- _Exercise requirements_
Apart from the pictures, print the data below exactly as given.

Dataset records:
-.-.-
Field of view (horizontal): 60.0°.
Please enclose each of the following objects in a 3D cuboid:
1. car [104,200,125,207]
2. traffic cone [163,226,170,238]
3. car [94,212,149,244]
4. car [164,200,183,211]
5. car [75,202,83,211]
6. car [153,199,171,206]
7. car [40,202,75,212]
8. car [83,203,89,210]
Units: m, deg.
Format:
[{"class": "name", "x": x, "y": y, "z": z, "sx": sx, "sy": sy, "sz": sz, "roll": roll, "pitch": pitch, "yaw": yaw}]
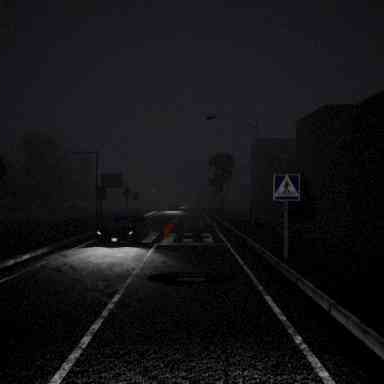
-.-.-
- _Answer below_
Field of view (horizontal): 60.0°.
Please enclose each of the following objects in a 3D cuboid:
1. car [104,200,125,207]
2. traffic cone [163,226,170,238]
3. car [94,212,149,244]
4. car [164,200,183,211]
5. car [75,202,83,211]
6. car [153,199,171,206]
7. car [40,202,75,212]
8. car [83,203,89,210]
Units: m, deg.
Format:
[{"class": "name", "x": x, "y": y, "z": z, "sx": sx, "sy": sy, "sz": sz, "roll": roll, "pitch": pitch, "yaw": yaw}]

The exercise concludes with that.